Kennedy, however, was decided before the definition of “victim” for purposes of

U.S.S.G. § 2B1.1(b)(2)(B) was amended. Under U.S.S.G. § 2B1.1(b)(2)(B), “victim”

now includes “any individual whose means of identification was used unlawfully or

without authority.” U.S.S.G. § 2B1.1(b)(2)(B) n.4(E). “Means of identification” for

purposes of U.S.S.G. § 2B1.1 is defined in 18 U.S.C. § 1028(d)(7), and includes any

“access device.” See U.S.S.G. § 2B1.1 n.1. An “access device” is:

       any card, plate, code, account number, electronic serial number, mobile
       identification number, personal identification number, . . . or other means of
       account access that can be used, alone or in conjunction with another access
       device, to obtain money, goods, services, or any other thing of value, or that
       can be used to initiate a transfer of funds.

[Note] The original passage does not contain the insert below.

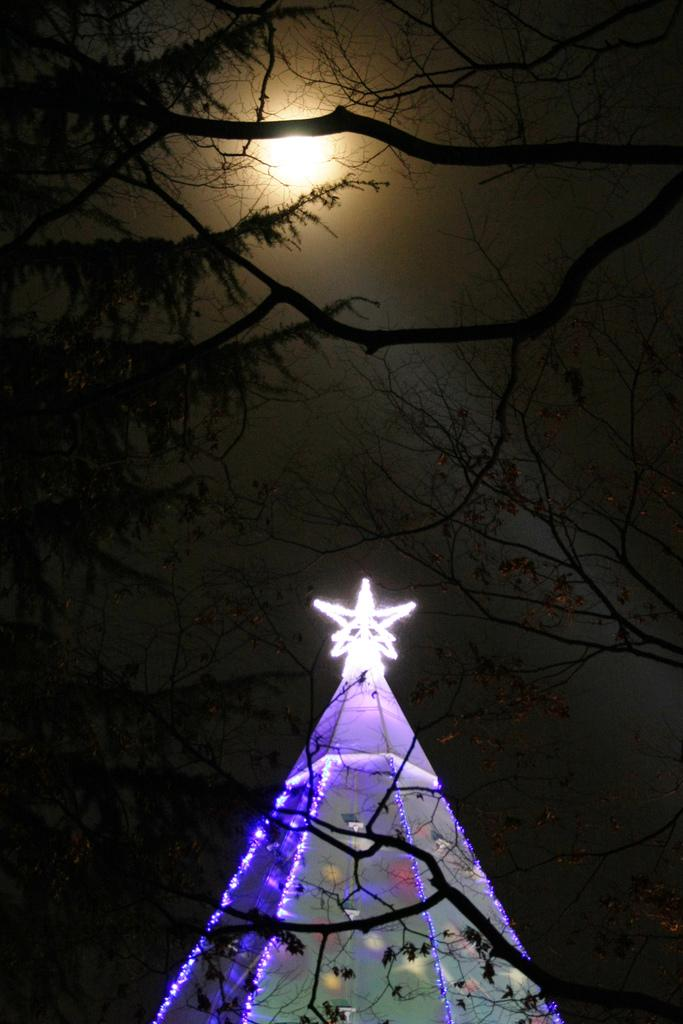What event is occurring in the image? There is a lightning strike in the image. What type of natural feature can be seen in the image? There are trees visible in the image. What celestial body is visible in the sky in the image? The moon is visible in the sky in the image. What type of hill can be seen in the image? There is no hill present in the image; it features a lightning strike, trees, and the moon. 
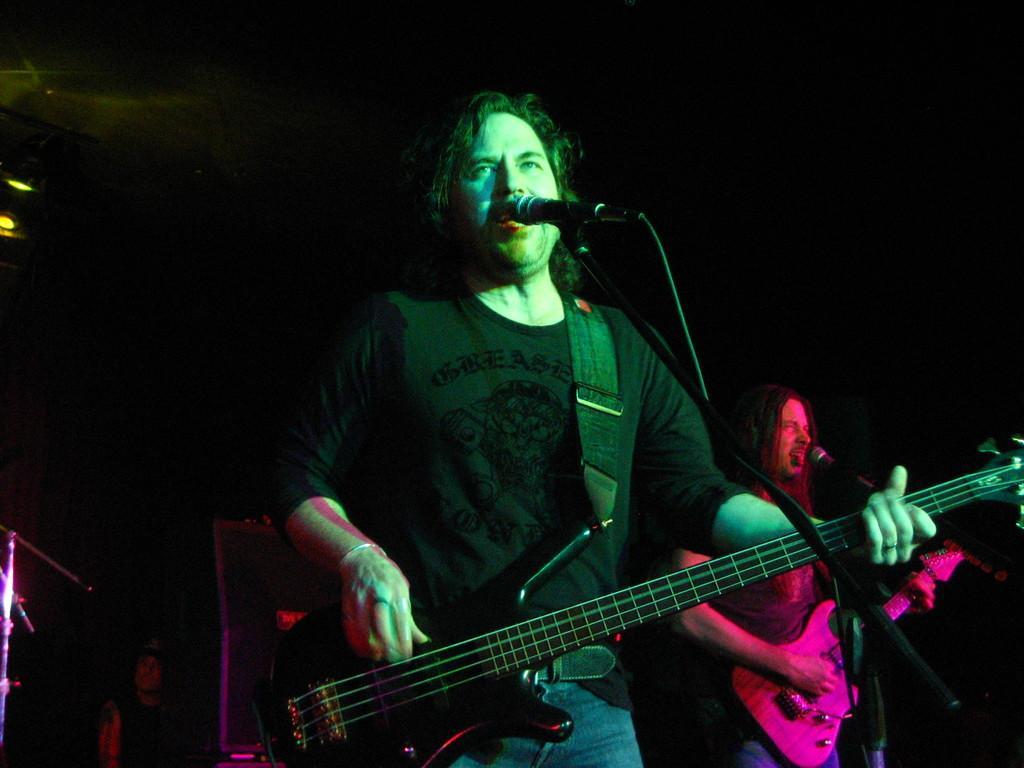Describe this image in one or two sentences. In this image we can see this two persons are holding guitar in their hands and playing it. They are singing through the mic in front of them. There is a dark background.

18 U.S.C. § 1029(e). Credit card and debit card account numbers clearly fall within the

definition of “access device” as “account numbers” that can be used “to obtain money,

goods, services, or any other thing of value, or that can be used to initiate a transfer of

funds.” Each individual account holder whose account number was used unlawfully or

without authority therefore was a “victim,” and the district court correctly found that

there were more than fifty such victims in this case. The four-level enhancement thus

was proper.

                                            IX.

       For the reasons set forth above, we will affirm.